Qpex Biopharma has launched as a new infectious disease company, simultaneously obtaining $33 million and a portfolio of preclinical assets from The Medicines Company.
Its initial programs include a beta-lactamase inhibitor with a broad spectrum of coverage, as the company takes aim at antimicrobial resistance in both inpatient and outpatient settings. New Enterprise Associates led the series A funding round and was joined by Adams Street Partners, LYZZ Capital, Hatteras Venture Partners and Stanford University Draper Fund.
Qpex has also secured additional funding from the U.S. Biomedical Advanced Research and Development Authority, totaling as much as $132 million, to develop treatments for drug-resistant, gram-negative infections. BARDA’s initial $32 million award was granted in 2016 and includes options for up to $100 million more that could potentially carry the company into late-stage development.

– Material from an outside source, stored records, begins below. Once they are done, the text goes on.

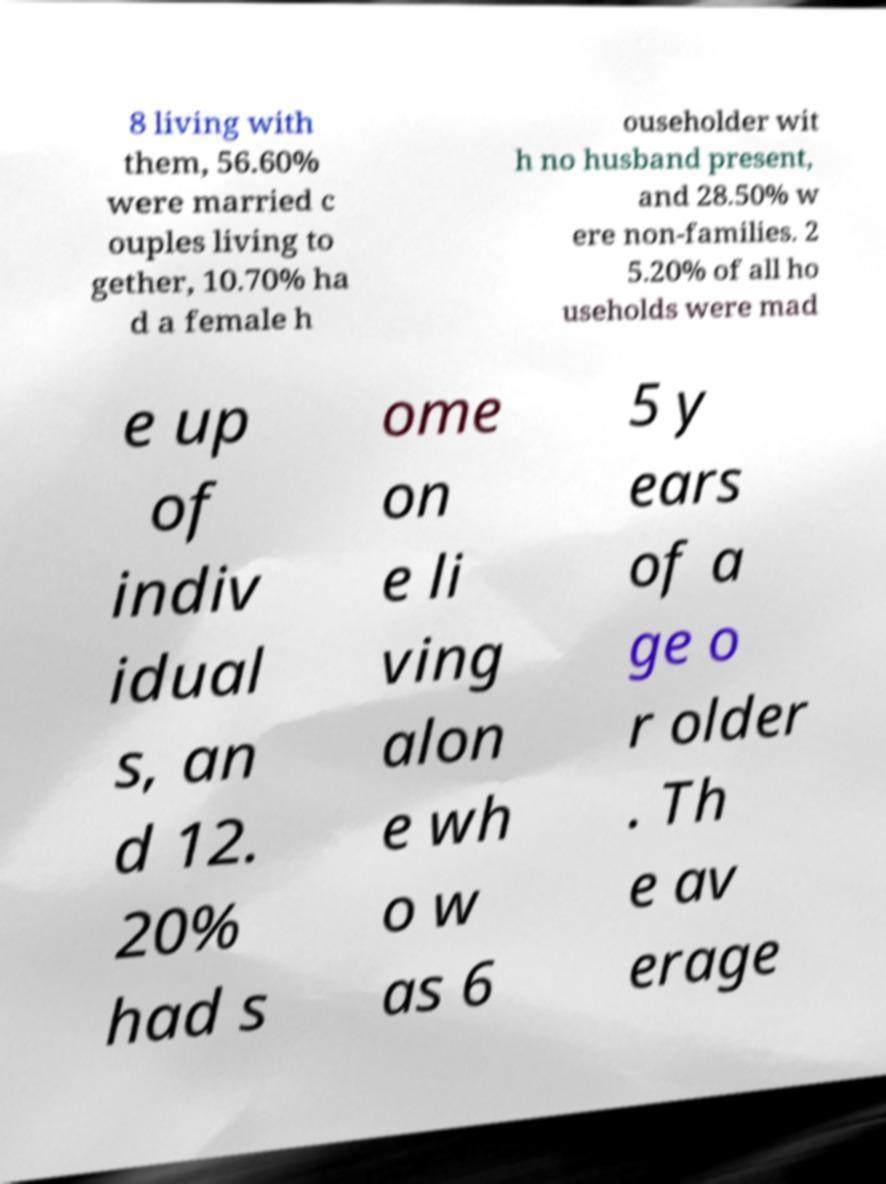For documentation purposes, I need the text within this image transcribed. Could you provide that? 8 living with them, 56.60% were married c ouples living to gether, 10.70% ha d a female h ouseholder wit h no husband present, and 28.50% w ere non-families. 2 5.20% of all ho useholds were mad e up of indiv idual s, an d 12. 20% had s ome on e li ving alon e wh o w as 6 5 y ears of a ge o r older . Th e av erage 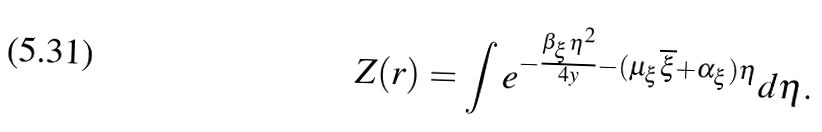<formula> <loc_0><loc_0><loc_500><loc_500>Z ( { r } ) = \int e ^ { - \frac { \beta _ { \xi } \eta ^ { 2 } } { 4 y } - ( \mu _ { \xi } \overline { \xi } + \alpha _ { \xi } ) \eta } d \eta .</formula> 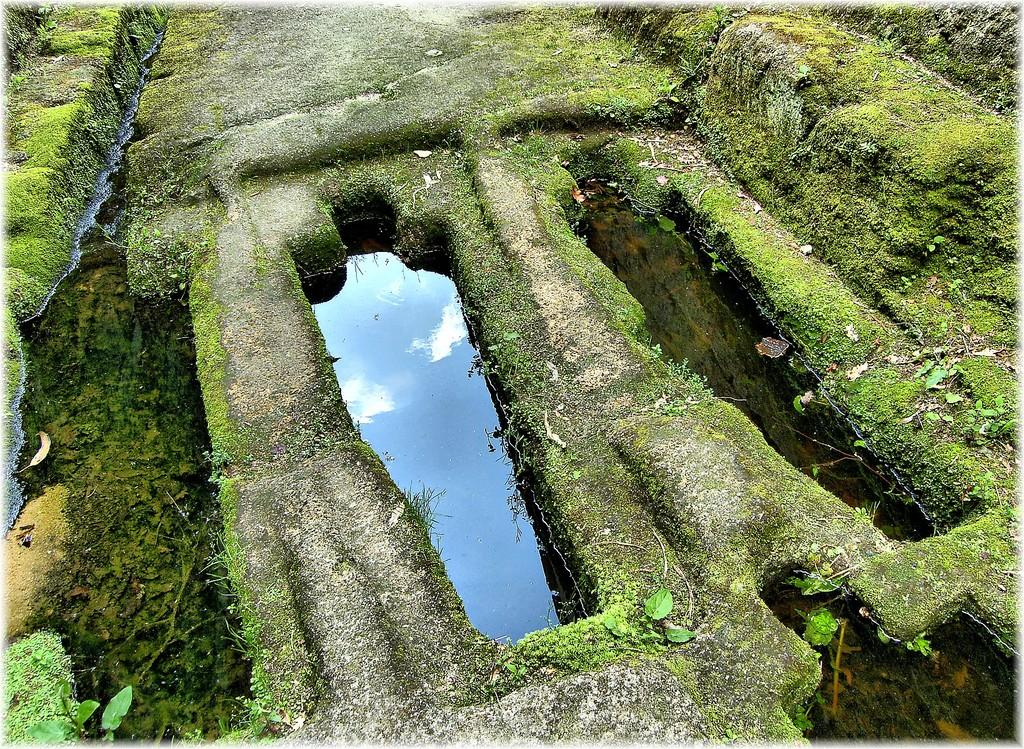What is one of the natural elements visible in the image? Water is visible in the image. What type of vegetation can be seen in the image? There is grass and plants in the image. What color are the plants, grass, and water in the image? The plants, grass, and water are all in green color. How does the light affect the growth of the bees in the image? There are no bees present in the image, and therefore their growth cannot be observed or affected by light.

The San Diego-based spinoff is being led by former executives from The Medicines Company’s infectious disease unit and alums of Rempex Pharmaceuticals, which the former acquired in 2013.

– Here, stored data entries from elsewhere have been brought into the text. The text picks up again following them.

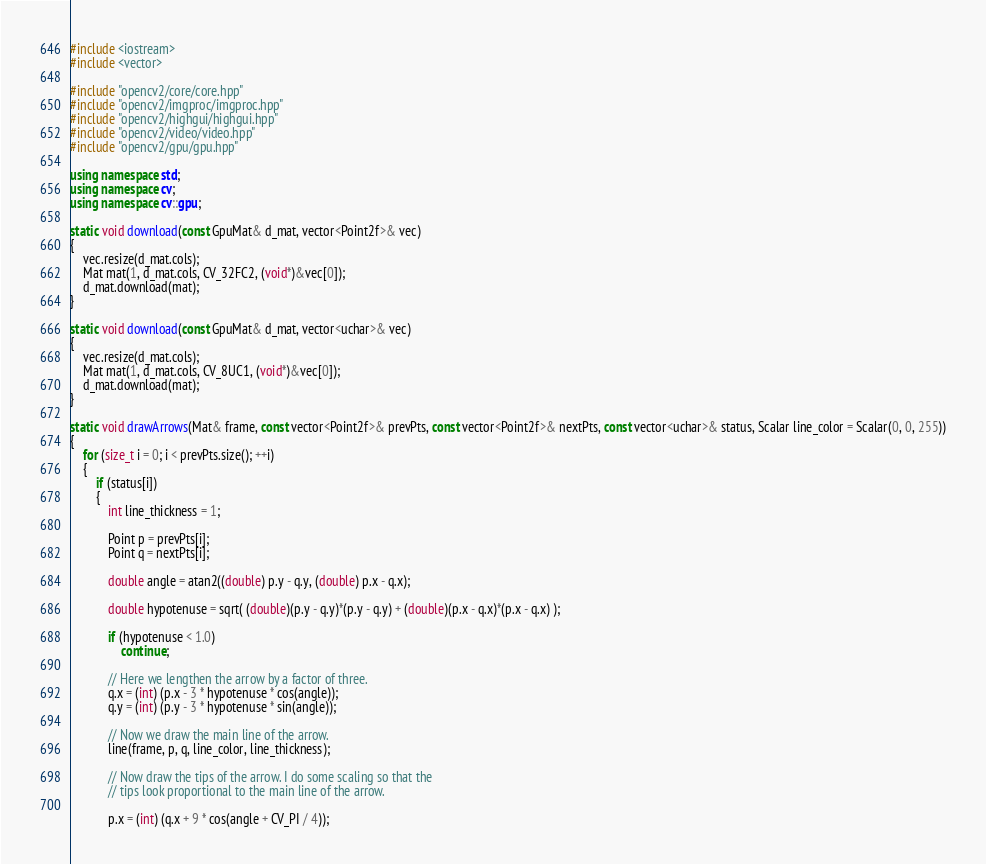<code> <loc_0><loc_0><loc_500><loc_500><_C++_>#include <iostream>
#include <vector>

#include "opencv2/core/core.hpp"
#include "opencv2/imgproc/imgproc.hpp"
#include "opencv2/highgui/highgui.hpp"
#include "opencv2/video/video.hpp"
#include "opencv2/gpu/gpu.hpp"

using namespace std;
using namespace cv;
using namespace cv::gpu;

static void download(const GpuMat& d_mat, vector<Point2f>& vec)
{
    vec.resize(d_mat.cols);
    Mat mat(1, d_mat.cols, CV_32FC2, (void*)&vec[0]);
    d_mat.download(mat);
}

static void download(const GpuMat& d_mat, vector<uchar>& vec)
{
    vec.resize(d_mat.cols);
    Mat mat(1, d_mat.cols, CV_8UC1, (void*)&vec[0]);
    d_mat.download(mat);
}

static void drawArrows(Mat& frame, const vector<Point2f>& prevPts, const vector<Point2f>& nextPts, const vector<uchar>& status, Scalar line_color = Scalar(0, 0, 255))
{
    for (size_t i = 0; i < prevPts.size(); ++i)
    {
        if (status[i])
        {
            int line_thickness = 1;

            Point p = prevPts[i];
            Point q = nextPts[i];

            double angle = atan2((double) p.y - q.y, (double) p.x - q.x);

            double hypotenuse = sqrt( (double)(p.y - q.y)*(p.y - q.y) + (double)(p.x - q.x)*(p.x - q.x) );

            if (hypotenuse < 1.0)
                continue;

            // Here we lengthen the arrow by a factor of three.
            q.x = (int) (p.x - 3 * hypotenuse * cos(angle));
            q.y = (int) (p.y - 3 * hypotenuse * sin(angle));

            // Now we draw the main line of the arrow.
            line(frame, p, q, line_color, line_thickness);

            // Now draw the tips of the arrow. I do some scaling so that the
            // tips look proportional to the main line of the arrow.

            p.x = (int) (q.x + 9 * cos(angle + CV_PI / 4));</code>

They include Qpex’s president and CEO, Michael Dudley, Pharm.D., who formerly served as The Medicines Company’s senior VP of R&D and chief scientific officer.
“We are very pleased to form Qpex around the validated beta-lactamase inhibitor technology our team pioneered and to attract such an experienced group of healthcare investors,” Dudley said in a statement.
The Medicines Company would later sell off its anti-infectives programs—to Melinta Therapeutics in a $270 million deal this past January, including the marketed products Vabomere, Orbactiv and Minocin—to focus fully on the development of its PCSK9 cholesterol drug inclisiran.
Qpex also counts Jeff Loutit, M.D., as chief medical officer, Scott Hecker, PhD., as VP of chemistry, Olga Lomovskaya, PhD., as VP of microbiology, and David Griffith as VP of nonclinical and clinical sciences, who all served in the same or similar roles at The Medicines Company through July.
Together, the company’s management team has helped develop and secure approvals for four antibiotics in the past five years, Qpex said in its curtain-raising announcement. The cost of its acquisitions from The Medicines Company were not disclosed.
“The urgent, global threat of antimicrobial resistance demands innovation and we're responding again to the calls sounded by the CDC and WHO for solutions by developing clinical candidates that we believe will be best-in-class anti-infective products,” said Dudley.